▶ _WHAT IS BEING ASKED_
All entries are to be reproduced exactly; the pictures are to be omitted.

▶ _Extracted data entries_
######
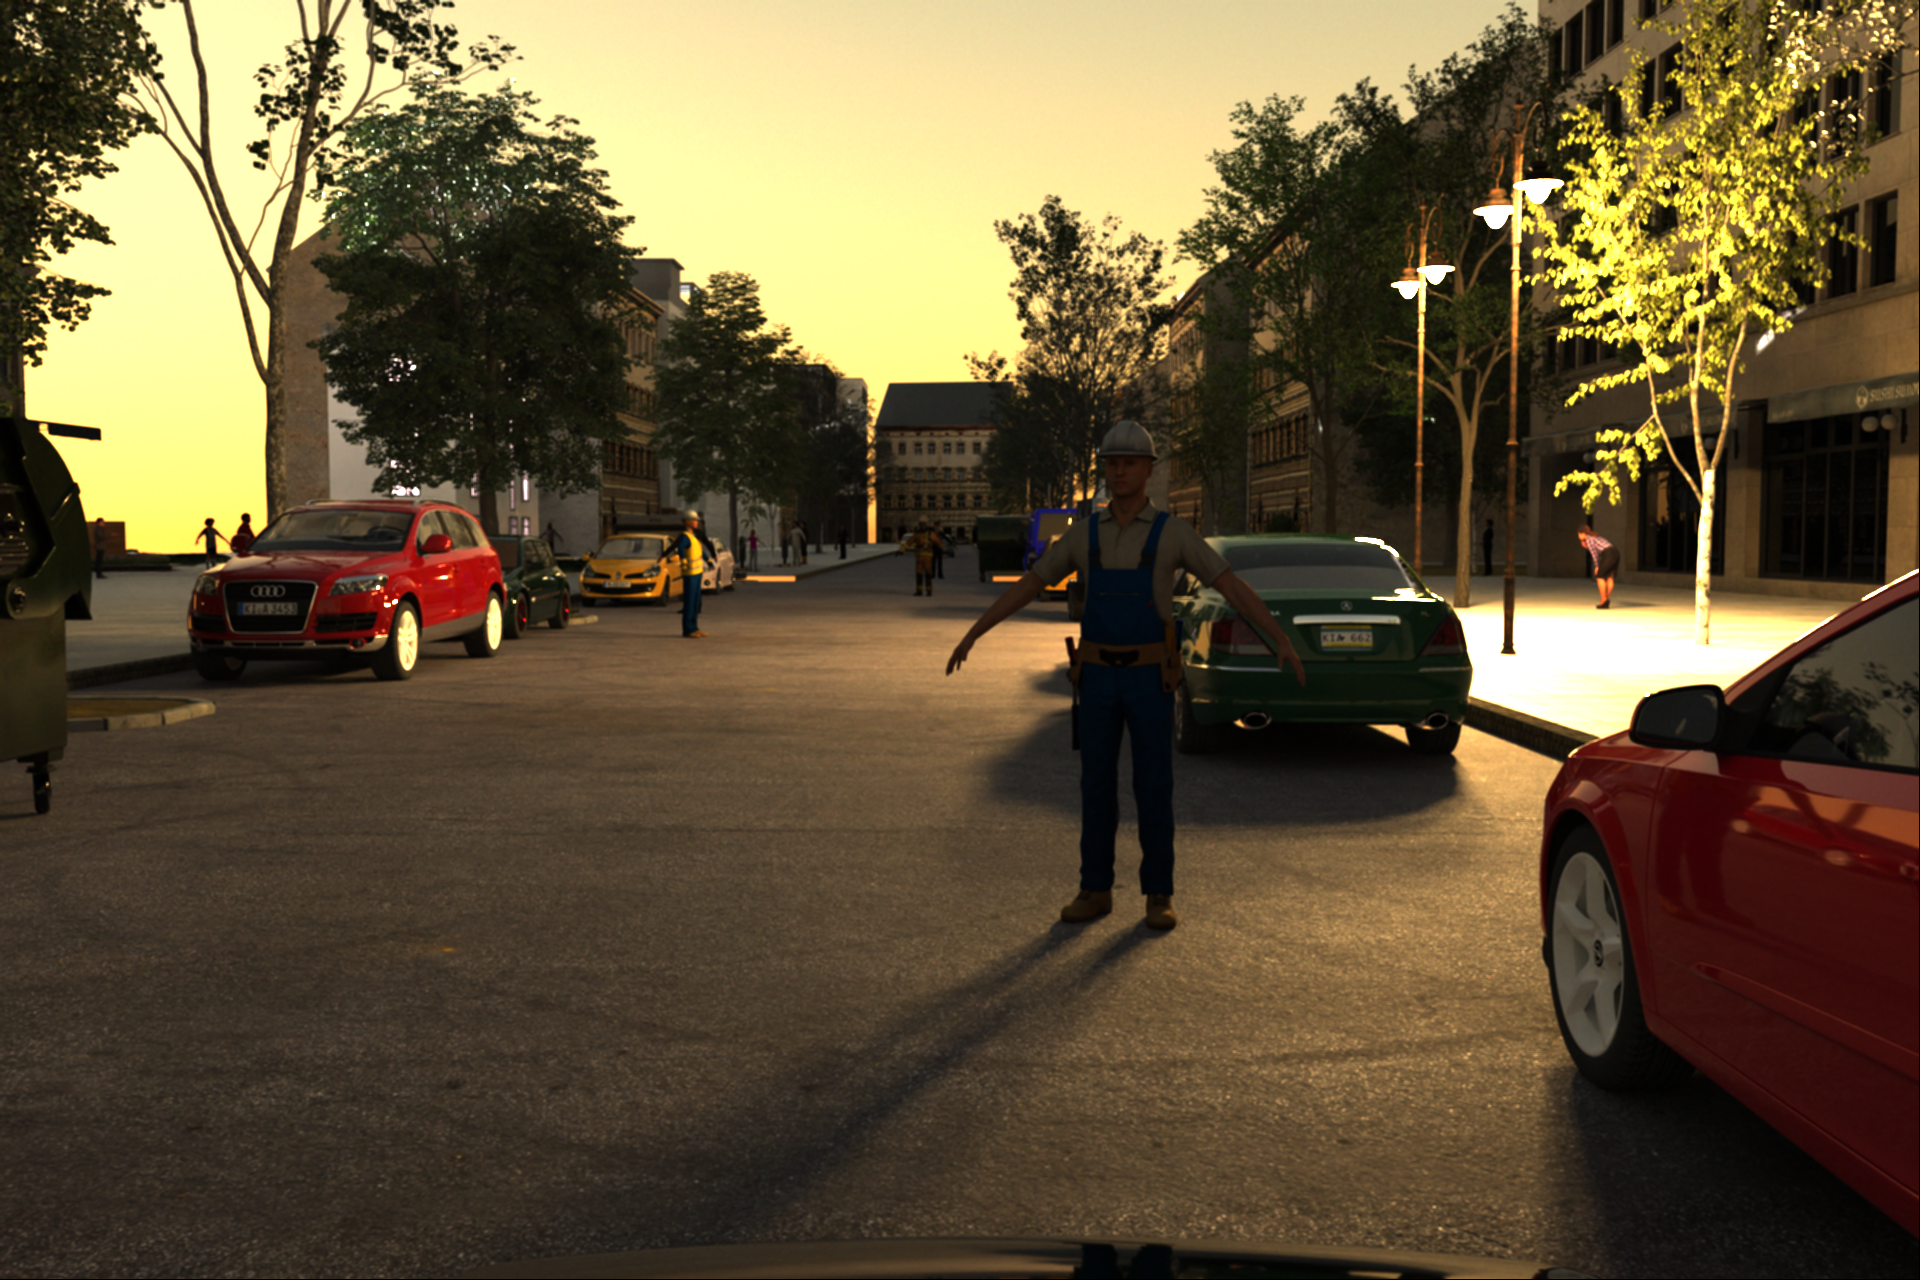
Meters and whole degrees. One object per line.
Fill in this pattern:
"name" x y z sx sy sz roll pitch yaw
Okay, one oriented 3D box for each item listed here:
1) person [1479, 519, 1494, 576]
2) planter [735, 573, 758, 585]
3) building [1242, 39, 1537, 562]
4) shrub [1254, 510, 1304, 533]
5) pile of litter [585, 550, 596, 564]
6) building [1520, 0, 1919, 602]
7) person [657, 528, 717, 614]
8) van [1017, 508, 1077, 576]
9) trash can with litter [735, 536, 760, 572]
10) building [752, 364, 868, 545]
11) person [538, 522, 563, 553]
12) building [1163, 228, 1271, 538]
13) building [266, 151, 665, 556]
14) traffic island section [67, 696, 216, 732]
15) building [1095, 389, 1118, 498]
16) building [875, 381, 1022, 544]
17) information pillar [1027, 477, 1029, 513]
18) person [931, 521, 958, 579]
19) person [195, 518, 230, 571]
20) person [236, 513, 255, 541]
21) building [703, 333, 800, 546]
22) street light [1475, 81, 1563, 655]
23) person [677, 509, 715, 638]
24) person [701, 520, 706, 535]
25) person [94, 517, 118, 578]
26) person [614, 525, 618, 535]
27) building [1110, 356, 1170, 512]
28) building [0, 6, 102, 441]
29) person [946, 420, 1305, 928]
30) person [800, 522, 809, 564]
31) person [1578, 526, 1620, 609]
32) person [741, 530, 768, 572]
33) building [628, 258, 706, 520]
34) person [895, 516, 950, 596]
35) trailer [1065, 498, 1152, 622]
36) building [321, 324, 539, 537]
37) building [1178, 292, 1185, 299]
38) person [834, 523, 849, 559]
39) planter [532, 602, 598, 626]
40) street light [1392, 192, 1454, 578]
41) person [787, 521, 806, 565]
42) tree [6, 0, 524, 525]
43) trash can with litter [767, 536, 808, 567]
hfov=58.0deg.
"person" 16.177 -2.849 53.307 0.721 1.740 1.216 2 4 29
"planter" -6.887 -1.768 50.049 1.991 0.319 1.994 0 3 0
"building" 25.162 -15.632 86.513 19.493 23.208 18.063 0 4 1
"shrub" 10.688 -3.287 57.790 1.661 2.075 1.752 0 3 0
"pile of litter" -10.153 -2.146 49.058 1.176 0.858 1.719 0 3 0
"building" 26.292 -14.057 32.000 24.374 26.755 37.873 0 3 0
"person" -4.874 -1.383 31.292 0.704 1.802 1.346 3 5 43
"van" 2.606 -2.392 43.493 2.240 2.365 5.245 0 4 -1
"trash can with litter" -7.436 -3.012 60.308 1.678 1.210 2.233 0 4 -1
"building" -26.667 -23.268 224.405 27.936 21.610 32.646 0 3 0
"person" -18.715 -4.458 79.009 1.348 1.813 0.705 1 4 13
"building" 23.823 -17.198 112.121 19.493 23.208 18.063 0 4 0
"building" -29.697 -16.939 107.877 19.493 23.208 18.063 0 4 1
"traffic island section" -6.963 0.578 13.415 1.991 0.108 1.994 0 4 0
"building" 22.542 -22.379 222.323 16.016 20.090 11.380 0 4 0
"building" -1.281 -25.393 248.561 18.063 23.208 19.493 1 4 10
"information pillar" 2.822 -4.924 71.854 0.183 3.616 0.504 0 4 1
"person" -0.739 -2.902 55.840 1.347 1.837 0.705 -1 4 -14
"person" -25.235 -3.195 58.388 0.704 1.843 1.345 2 4 28
"person" -18.064 -2.313 43.922 0.704 1.816 1.345 0 4 2
"building" -28.033 -21.944 189.709 19.493 23.208 18.063 0 3 0
"street light" 5.854 -2.785 18.316 0.468 5.910 1.993 0 4 1
"person" -3.648 -0.923 24.017 0.721 1.772 1.216 1 4 10
"person" -9.506 -3.514 63.725 0.705 1.796 1.348 -1 4 -12
"person" -24.684 -2.662 50.097 0.750 1.759 0.617 -1 4 -13
"person" -17.795 -5.140 90.224 0.705 1.806 1.347 -1 4 -20
"building" 26.432 -21.908 189.120 19.493 23.208 18.063 0 4 1
"building" -31.976 -18.180 43.360 12.429 33.558 17.177 0 4 0
"person" 0.610 0.117 6.397 1.347 1.847 0.705 1 4 20
"person" -6.655 -4.115 73.419 0.704 1.812 1.346 1 4 16
"person" 10.949 -1.250 29.721 0.697 1.427 0.421 3 4 38
"person" -6.950 -3.007 58.434 0.991 1.433 0.599 1 4 18
"building" -24.571 -16.129 120.129 16.016 20.090 11.380 0 4 0
"person" -0.846 -1.949 40.086 1.354 1.858 0.705 1 4 21
"trailer" 2.516 -1.361 29.298 1.471 1.999 3.904 0 4 -1
"building" -24.699 -8.629 83.236 9.099 9.664 28.070 0 4 0
"building" 22.106 -17.115 136.255 16.016 20.090 11.380 0 3 0
"person" -6.049 -5.083 89.040 0.705 1.837 1.347 -3 4 -37
"planter" -6.970 -0.427 28.121 1.991 0.319 1.994 0 3 0
"street light" 6.351 -3.127 23.915 0.468 5.910 1.993 0 4 0
"person" -6.821 -4.017 71.866 1.347 1.806 0.705 3 5 40
"tree" -13.524 -10.776 32.070 12.611 20.169 13.585 0 3 0
"trash can with litter" -6.737 -3.491 68.141 1.678 1.210 2.233 0 4 1
######
▶ _EXPECTED OUTPUT_
Meters and whole degrees. One object per line.
Fill in this pattern:
"name" x y z sx sy sz roll pitch yaw
Okay, one oriented 3D box for each item listed here:
1) person [1479, 519, 1494, 576]
2) planter [735, 573, 758, 585]
3) building [1242, 39, 1537, 562]
4) shrub [1254, 510, 1304, 533]
5) pile of litter [585, 550, 596, 564]
6) building [1520, 0, 1919, 602]
7) person [657, 528, 717, 614]
8) van [1017, 508, 1077, 576]
9) trash can with litter [735, 536, 760, 572]
10) building [752, 364, 868, 545]
11) person [538, 522, 563, 553]
12) building [1163, 228, 1271, 538]
13) building [266, 151, 665, 556]
14) traffic island section [67, 696, 216, 732]
15) building [1095, 389, 1118, 498]
16) building [875, 381, 1022, 544]
17) information pillar [1027, 477, 1029, 513]
18) person [931, 521, 958, 579]
19) person [195, 518, 230, 571]
20) person [236, 513, 255, 541]
21) building [703, 333, 800, 546]
22) street light [1475, 81, 1563, 655]
23) person [677, 509, 715, 638]
24) person [701, 520, 706, 535]
25) person [94, 517, 118, 578]
26) person [614, 525, 618, 535]
27) building [1110, 356, 1170, 512]
28) building [0, 6, 102, 441]
29) person [946, 420, 1305, 928]
30) person [800, 522, 809, 564]
31) person [1578, 526, 1620, 609]
32) person [741, 530, 768, 572]
33) building [628, 258, 706, 520]
34) person [895, 516, 950, 596]
35) trailer [1065, 498, 1152, 622]
36) building [321, 324, 539, 537]
37) building [1178, 292, 1185, 299]
38) person [834, 523, 849, 559]
39) planter [532, 602, 598, 626]
40) street light [1392, 192, 1454, 578]
41) person [787, 521, 806, 565]
42) tree [6, 0, 524, 525]
43) trash can with litter [767, 536, 808, 567]
hfov=58.0deg.
"person" 16.177 -2.849 53.307 0.721 1.740 1.216 2 4 29
"planter" -6.887 -1.768 50.049 1.991 0.319 1.994 0 3 0
"building" 25.162 -15.632 86.513 19.493 23.208 18.063 0 4 1
"shrub" 10.688 -3.287 57.790 1.661 2.075 1.752 0 3 0
"pile of litter" -10.153 -2.146 49.058 1.176 0.858 1.719 0 3 0
"building" 26.292 -14.057 32.000 24.374 26.755 37.873 0 3 0
"person" -4.874 -1.383 31.292 0.704 1.802 1.346 3 5 43
"van" 2.606 -2.392 43.493 2.240 2.365 5.245 0 4 -1
"trash can with litter" -7.436 -3.012 60.308 1.678 1.210 2.233 0 4 -1
"building" -26.667 -23.268 224.405 27.936 21.610 32.646 0 3 0
"person" -18.715 -4.458 79.009 1.348 1.813 0.705 1 4 13
"building" 23.823 -17.198 112.121 19.493 23.208 18.063 0 4 0
"building" -29.697 -16.939 107.877 19.493 23.208 18.063 0 4 1
"traffic island section" -6.963 0.578 13.415 1.991 0.108 1.994 0 4 0
"building" 22.542 -22.379 222.323 16.016 20.090 11.380 0 4 0
"building" -1.281 -25.393 248.561 18.063 23.208 19.493 1 4 10
"information pillar" 2.822 -4.924 71.854 0.183 3.616 0.504 0 4 1
"person" -0.739 -2.902 55.840 1.347 1.837 0.705 -1 4 -14
"person" -25.235 -3.195 58.388 0.704 1.843 1.345 2 4 28
"person" -18.064 -2.313 43.922 0.704 1.816 1.345 0 4 2
"building" -28.033 -21.944 189.709 19.493 23.208 18.063 0 3 0
"street light" 5.854 -2.785 18.316 0.468 5.910 1.993 0 4 1
"person" -3.648 -0.923 24.017 0.721 1.772 1.216 1 4 10
"person" -9.506 -3.514 63.725 0.705 1.796 1.348 -1 4 -12
"person" -24.684 -2.662 50.097 0.750 1.759 0.617 -1 4 -13
"person" -17.795 -5.140 90.224 0.705 1.806 1.347 -1 4 -20
"building" 26.432 -21.908 189.120 19.493 23.208 18.063 0 4 1
"building" -31.976 -18.180 43.360 12.429 33.558 17.177 0 4 0
"person" 0.610 0.117 6.397 1.347 1.847 0.705 1 4 20
"person" -6.655 -4.115 73.419 0.704 1.812 1.346 1 4 16
"person" 10.949 -1.250 29.721 0.697 1.427 0.421 3 4 38
"person" -6.950 -3.007 58.434 0.991 1.433 0.599 1 4 18
"building" -24.571 -16.129 120.129 16.016 20.090 11.380 0 4 0
"person" -0.846 -1.949 40.086 1.354 1.858 0.705 1 4 21
"trailer" 2.516 -1.361 29.298 1.471 1.999 3.904 0 4 -1
"building" -24.699 -8.629 83.236 9.099 9.664 28.070 0 4 0
"building" 22.106 -17.115 136.255 16.016 20.090 11.380 0 3 0
"person" -6.049 -5.083 89.040 0.705 1.837 1.347 -3 4 -37
"planter" -6.970 -0.427 28.121 1.991 0.319 1.994 0 3 0
"street light" 6.351 -3.127 23.915 0.468 5.910 1.993 0 4 0
"person" -6.821 -4.017 71.866 1.347 1.806 0.705 3 5 40
"tree" -13.524 -10.776 32.070 12.611 20.169 13.585 0 3 0
"trash can with litter" -6.737 -3.491 68.141 1.678 1.210 2.233 0 4 1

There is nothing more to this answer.